I’m reminded in all of this of political theorist Robert Dahl’s Principle of Affected Interests, which says simply that people should have a meaningful say in any decision that affects their interests in a significant way. There are many practical problems with implementing that, but it still strikes me as a reasonable baseline. In this case, there is simply no mechanism or set of institutions for enforcing anything like this principle, and that’s a problem, no matter how much or little risk you believe is involved.
Johnson suggest that
We need to define a special class of decisions that potentially create extinction-level risk. New technologies (like superintelligent computers) or interventions (like METI) that pose even the slightest risk of causing human extinction would require some novel form of global oversight.

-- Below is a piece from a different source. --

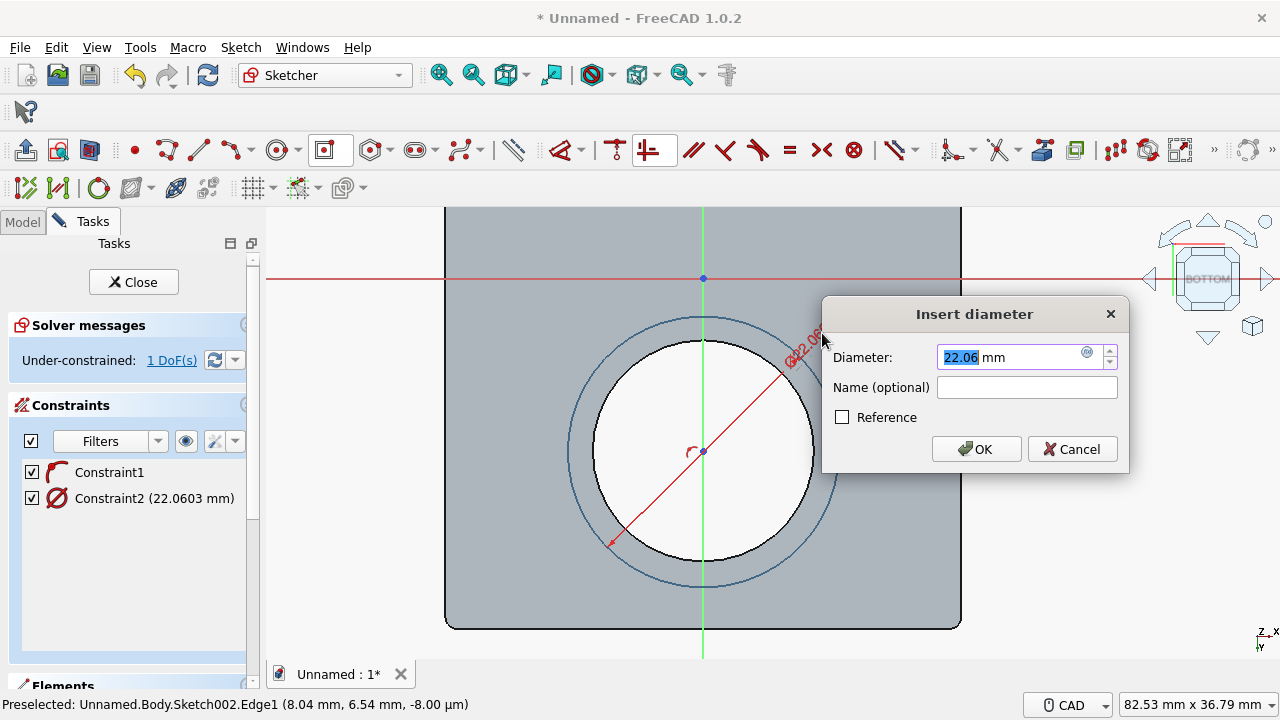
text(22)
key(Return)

That, of course, is a tall order, but it’s also probably insufficient— extinction isn’t the only threat that raises these kinds of problems of representation. “The Brave New World of Gene Editing” by Matthew Cobb, discusses, mainly, a new book by Jennifer A. Doudna and Samuel H. Sternberg about CRISPR, a powerful new technology that, in principle, allows highly precise editing of DNA. Cobb explains the science here better than I can, so I won’t try; the important thing is to emphasize how much of a game-changer CRISPR is. If a condition or trait can be reliably traced to a single gene, then CRISPR can be used to avoid, eliminate, or produce it. It is comparatively simple and inexpensive, and has the potential to radically alter life on earth. And that means it is also a big problem. But, like the sending of messages into outer space, the technology was created without much political accountability, and it’s not clear what kinds of regulatory mechanisms can be created, at the global level, to determine how it should be used. More to the point: nobody is asking us. These decisions will be made, at best, by scientists and bureaucrats in bodies like the United Nations or the European Union, which are famously distant from the citizens of the countries that make them up. Realistically, they will also be made by people much less interested in those citizens’ welfare— private companies operating in weak states with little capacity for oversight, say. Either way, a very small number of people will make choices that have profound consequences for every human being on the planet (and many non-human beings as well), without any clear reason why they should be in such a position. We simply have no political mechanisms for determining who can take such actions, or under what circumstances.
All of which is a long way, apparently, from the aesthetic claims of the photographic frame. But one can think of examples in which, for instance, an entire nation or an event, like a war, is encapsulated for a large audience in a few, iconic images. In such cases, the choices of individual photographers suddenly have very high stakes, and rarely is there any sense in which the photographer can be thought of as accountable to the people whose lives (or deaths) they are depicting. In democratic politics, the power to represent always rests on the right of the represented to revoke that power; the representative is a representative precisely because they are accountable. In other arenas, though, the power of representation comes with no such limitations.